'''

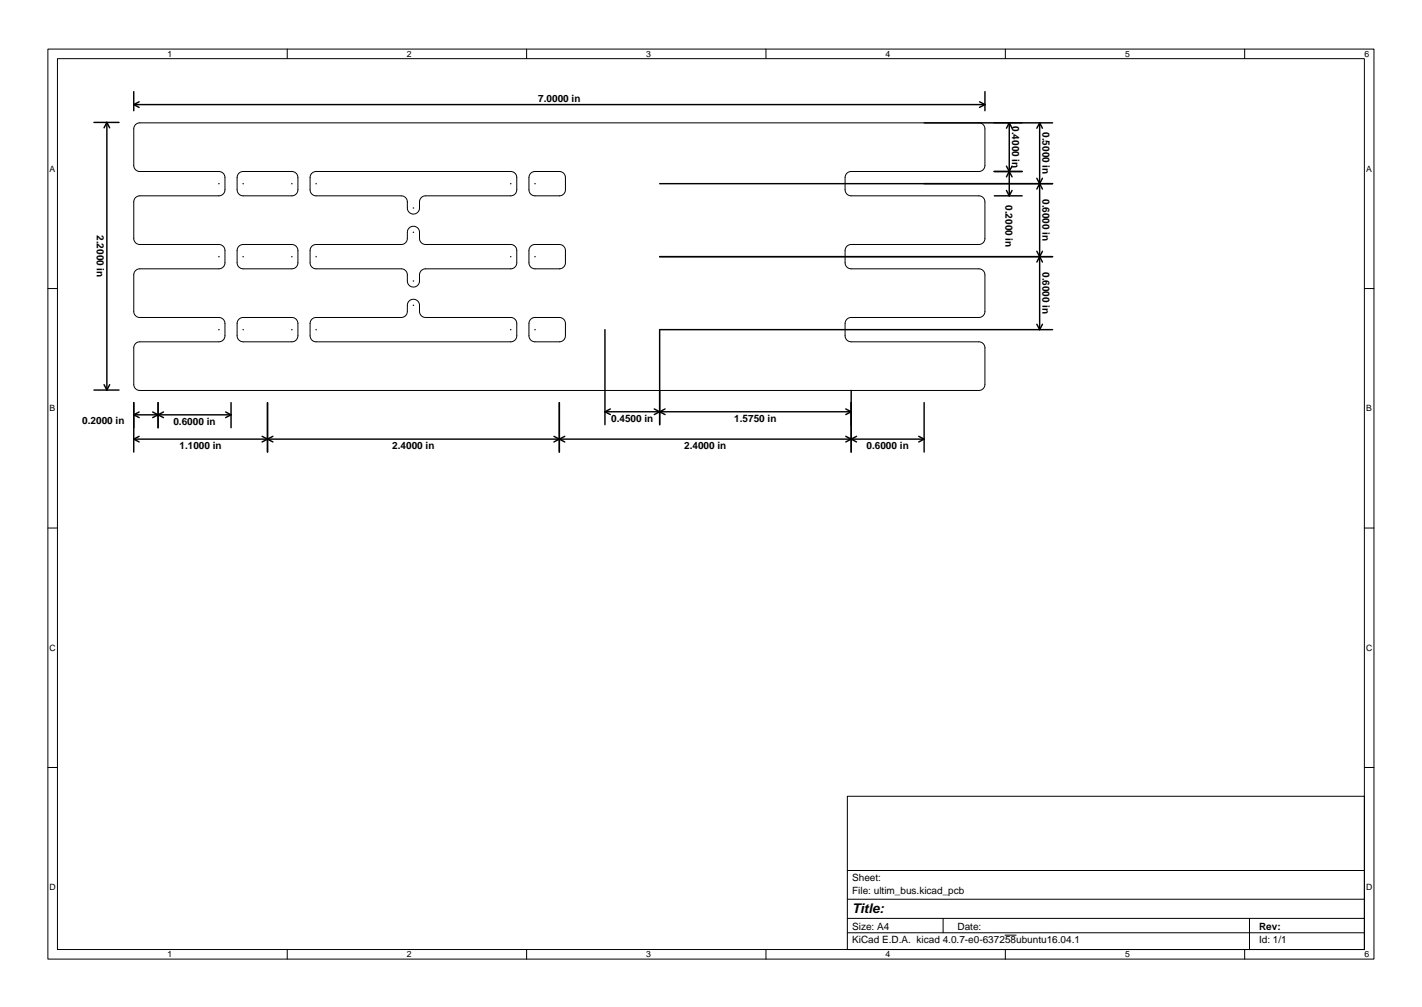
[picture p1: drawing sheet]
<svg xmlns="http://www.w3.org/2000/svg" width="297mm" height="210mm" viewBox="0 0 297 210" stroke-linecap="round" stroke-linejoin="round" font-family="sans-serif">
<defs><g id="words">
<text font-size="2.8" x="178" y="190.6">Title:</text>
<g font-size="2.1">
<text x="112.4" y="21.2">7.0000 in</text>
<text x="211.4" y="26.3" transform="rotate(90 211.4 26.3)">0.4000 in</text>
<text x="217.8" y="27.6" transform="rotate(90 217.8 27.6)">0.5000 in</text>
<text x="217.8" y="41.6" transform="rotate(90 217.8 41.6)">0.6000 in</text>
<text x="210.1" y="42.8" transform="rotate(90 210.1 42.8)">0.2000 in</text>
<text x="20.2" y="49.1" transform="rotate(90 20.2 49.1)">2.2000 in</text>
<text x="217.8" y="56.8" transform="rotate(90 217.8 56.8)">0.6000 in</text>
<text x="17.2" y="88.6">0.2000 in</text>
<text x="36.2" y="88.7">0.6000 in</text>
<text x="127.7" y="88.1">0.4500 in</text>
<text x="153.4" y="88.1">1.5750 in</text>
<text x="37.5" y="93.8">1.1000 in</text>
<text x="81.9" y="93.8">2.4000 in</text>
<text x="142.9" y="93.8">2.4000 in</text>
<text x="181" y="93.8">0.6000 in</text>
<text x="178" y="184">Sheet:</text>
<text x="178" y="186.7">File: ultim_bus.kicad_pcb</text>
<text x="178" y="196.9">KiCad E.D.A. kicad 4.0.7-e0-637258ubuntu16.04.1</text>
<text x="178" y="194.1">Size: A4</text>
<text x="200" y="194.1">Date:</text>
<text x="263" y="194.1">Rev:</text>
<text x="263" y="196.9">Id: 1/1</text>
</g>
<g font-size="1.8">
<text x="35" y="11.9">1</text>
<text x="85" y="11.9">2</text>
<text x="135" y="11.9">3</text>
<text x="185" y="11.9">4</text>
<text x="235" y="11.9">5</text>
<text x="285" y="11.9">6</text>
<text x="10.3" y="35.9">A</text>
<text x="285.3" y="35.9">A</text>
<text x="10.3" y="85.9">B</text>
<text x="285.3" y="85.9">B</text>
<text x="10.3" y="135.9">C</text>
<text x="285.3" y="135.9">C</text>
<text x="10.3" y="185.9">D</text>
<text x="285.3" y="185.9">D</text>
<text x="35" y="199.9">1</text>
<text x="85" y="199.9">2</text>
<text x="135" y="199.9">3</text>
<text x="185" y="199.9">4</text>
<text x="235" y="199.9">5</text>
<text x="285" y="199.9">6</text>
</g>
</g></defs>
<g fill="none" stroke="#000" stroke-width=".21">
<path d="M10 10.2h277v190.1h-277zM12 12.2h273v186.1h-273zM60 10.2v2M110 10.2v2M160 10.2v2M210 10.2v2M260 10.2v2M28.3 26l.9-.4h175.3a1.27 1.27 0 0 1 1.2 1.3v7.7a1.27 1.27 0 0 1-1.2 1.2h-26.8a1.27 1.27 0 0 0-1.2 1.3v2.6a1.27 1.27 0 0 0 1.3 1.2h26.8a1.27 1.27 0 0 1 1.1 1.3v7.7a1.27 1.27 0 0 1-1.2 1.1l-26.8 .1a1.27 1.27 0 0 0-1.2 1.2v2.7a1.27 1.27 0 0 0 1.3 1.1h26.8a1.27 1.27 0 0 1 1.1 1.3v7.7a1.27 1.27 0 0 1-1.2 1.2h-26.8a1.27 1.27 0 0 0-1.2 1.3v2.6a1.27 1.27 0 0 0 1.3 1.2h26.8a1.27 1.27 0 0 1 1.1 1.2v7.8a1.27 1.27 0 0 1-1.2 1.1h-175.4a1.27 1.27 0 0 1-1.2-1.2v-7.8a1.27 1.27 0 0 1 1.3-1.1h16.6a1.27 1.27 0 0 0 1.2-1.3v-2.7a1.27 1.27 0 0 0-1.3-1.1h-16.6a1.27 1.27 0 0 1-1.2-1.3v-7.7a1.27 1.27 0 0 1 1.3-1.2h16.6a1.27 1.27 0 0 0 1.2-1.2v-2.7a1.27 1.27 0 0 0-1.3-1.2h-16.6a1.27 1.27 0 0 1-1.2-1.2v-7.8a1.27 1.27 0 0 1 1.3-1.1h16.6a1.27 1.27 0 0 0 1.2-1.3v-2.6a1.27 1.27 0 0 0-1.3-1.2h-16.6a1.27 1.27 0 0 1-1.2-1.3v-7.7zM49.9 36.2l.9-.4h10.2a1.27 1.27 0 0 1 1.2 1.3v2.5a1.27 1.27 0 0 1-1.2 1.3h-10.2a1.27 1.27 0 0 1-1.3-1.3v-2.6zM65.1 36.2l.9-.4h40.7a1.27 1.27 0 0 1 1.2 1.3v2.5a1.27 1.27 0 0 1-1.2 1.3h-17.8a1.27 1.27 0 0 0-1.3 1.3v1.2a1.27 1.27 0 0 1-1.2 1.3 1.27 1.27 0 0 1-1.3-1.3v-1.2a1.27 1.27 0 0 0-1.3-1.3h-17.8a1.27 1.27 0 0 1-1.2-1.3v-2.6zM110.9 36.2l.7-.4h5.2a1.27 1.27 0 0 1 1.3 1.3v2.5a1.27 1.27 0 0 1-1.3 1.3h-5a1.27 1.27 0 0 1-1.3-1.3v-2.6zM49.9 51.4l.9-.4h10.2a1.27 1.27 0 0 1 1.2 1.3v2.6a1.27 1.27 0 0 1-1.2 1.2h-10.2a1.27 1.27 0 0 1-1.3-1.2v-2.7z"/>
<path d="M65.1 51.4l.9-.4h17.8a1.27 1.27 0 0 0 1.3-1.2v-1.3a1.27 1.27 0 0 1 1.3-1.3 1.27 1.27 0 0 1 1.2 1.3v1.3a1.27 1.27 0 0 0 1.3 1.2h17.8a1.27 1.27 0 0 1 1.2 1.3v2.6a1.27 1.27 0 0 1-1.2 1.2h-17.8a1.27 1.27 0 0 0-1.3 1.3v1.3a1.27 1.27 0 0 1-1.2 1.2 1.27 1.27 0 0 1-1.3-1.2v-1.3a1.27 1.27 0 0 0-1.3-1.3h-17.8a1.27 1.27 0 0 1-1.2-1.2v-2.7zM110.9 51.4l.7-.3 5.2-.1a1.27 1.27 0 0 1 1.3 1.3v2.6a1.27 1.27 0 0 1-1.3 1.2h-5a1.27 1.27 0 0 1-1.3-1.2v-2.7zM10 60.2h2M49.9 66.7l.9-.4h10.2a1.27 1.27 0 0 1 1.2 1.3v2.5a1.27 1.27 0 0 1-1.2 1.3h-10.2a1.27 1.27 0 0 1-1.3-1.3v-2.7zM65.1 66.7l.9-.4h17.8a1.27 1.27 0 0 0 1.3-1.3v-1.3a1.27 1.27 0 0 1 1.3-1.2 1.27 1.27 0 0 1 1.2 1.2v1.3a1.27 1.27 0 0 0 1.3 1.3h17.8a1.27 1.27 0 0 1 1.2 1.3v2.5a1.27 1.27 0 0 1-1.2 1.3h-40.7a1.27 1.27 0 0 1-1.2-1.3v-2.7zM110.9 66.7l.7-.4h5.2a1.27 1.27 0 0 1 1.3 1.3v2.5a1.27 1.27 0 0 1-1.3 1.3h-5a1.27 1.27 0 0 1-1.3-1.3v-2.7zM285 60.2h2M10 110.2h2M285 110.2h2M10 160.2h2M177 166.3h108v32h-108zM285 160.2h2"/>
<path d="M60 198.3v2M110 198.3v2M160 198.3v2M177 194.8h108M177 191.8h108M177 187.8h108M177 181.8h108M197 191.8v3M209.9 195.3h2.4M210 198.3v2M260 198.3v2M261 191.8v6.5"/>
<circle cx="45.7" cy="38.3" r=".05"/>
<circle cx="50.8" cy="38.3" r=".05"/>
<circle cx="61" cy="38.3" r=".05"/>
<circle cx="66" cy="38.3" r=".05"/>
<circle cx="106.7" cy="38.3" r=".05"/>
<circle cx="111.8" cy="38.3" r=".05"/>
<circle cx="45.7" cy="53.6" r=".05"/>
<circle cx="50.8" cy="53.6" r=".05"/>
<circle cx="61" cy="53.6" r=".05"/>
<circle cx="66" cy="53.6" r=".05"/>
<circle cx="86.4" cy="48.5" r=".05"/>
<circle cx="86.4" cy="58.7" r=".05"/>
<circle cx="86.4" cy="43.4" r=".05"/>
<circle cx="106.7" cy="53.6" r=".05"/>
<circle cx="111.8" cy="53.6" r=".05"/>
<circle cx="45.7" cy="68.8" r=".05"/>
<circle cx="50.8" cy="68.8" r=".05"/>
<circle cx="61" cy="68.8" r=".05"/>
<circle cx="66" cy="68.8" r=".05"/>
<circle cx="86.4" cy="63.7" r=".05"/>
<circle cx="106.7" cy="68.8" r=".05"/>
<circle cx="111.8" cy="68.8" r=".05"/>
</g>
<g fill="none" stroke="#000" stroke-width=".3">
<path d="M27.9 19.1v4M205.7 19.1v4M19.6 25.6h5.3M22.3 25.6v55.8M22.3 25.6l-.6 1.1M22.3 25.6l.6 1.1M27.9 21.8h177.8M27.9 21.8l1.2 .6M29.1 21.3l-1.2 .5M137.8 38.3h82.1M193 25.6h26.9M204.6 21.3l1.1 .5"/>
<path d="M205.7 21.8l-1.1 .6M207.6 35.8h5.9M210.2 39.8l.6 1.1M210.2 34.7l1.2 2.2M210.8 25.6v15.3M210.8 25.6l-.6 1.2M210.8 25.6l.6 1.2M211.4 39.8l-.6 1.1M211.4 34.7l-1.2 2.2M216.6 37.2l1.2 2.3M217.2 25.6v43.2M217.2 25.6l-.6 1.2"/>
<path d="M217.2 25.6l.6 1.2M217.8 37.2l-1.2 2.3M137.8 53.6h82.1M207.7 40.9h5.8M216.6 52.5l1.2 2.2M217.8 52.5l-1.2 2.2M126.4 68.8v19.9M216.6 67.7l.6 1.1M217.8 67.7l-.6 1.1M219.9 68.8h-82.1v19.9M19.6 81.4h5.3M21.7 80.3l.6 1.1"/>
<path d="M22.9 80.3l-.6 1.1M27.9 86.6h20.4M27.9 84.1v10.3M27.9 86.6l1.2 .6M27.9 91.7h165.1M27.9 91.7l1.2 .6M29.1 86l-1.2 .6M29.1 91.1l-1.2 .6M31.9 86l2.2 1.2M33 84.1v5.2M34.1 86l-2.2 1.2M47.1 86l1.2 .6"/>
<path d="M48.3 84.1v5.2M48.3 86.6l-1.2 .6M54.8 91.1l2.2 1.2M55.9 84.1v10.3M57 91.1l-2.2 1.2M115.7 91.1l2.3 1.2M116.8 84.1v10.3M118 91.1l-2.3 1.2M126.4 86h51.4M126.4 86l1.1 .6M127.5 85.4l-1.1 .6M136.7 85.4l2.2 1.2"/>
<path d="M138.9 85.4l-2.2 1.2M176.7 85.4l1.1 .6M176.7 91.1l2.2 1.2M177.8 81.5v12.9M177.8 86l-1.1 .6M178.9 91.1l-2.2 1.2M191.9 91.1l1.1 .6M193 84.1v10.3M193 91.7l-1.1 .6"/>
</g>
<use href="#words"/>
</svg>

'''

■ Your objective ■
In the entries above, find lines with "fill" and copy each.

■ Answer box ■
<g fill="none" stroke="#000" stroke-width=".21">
<g fill="none" stroke="#000" stroke-width=".3">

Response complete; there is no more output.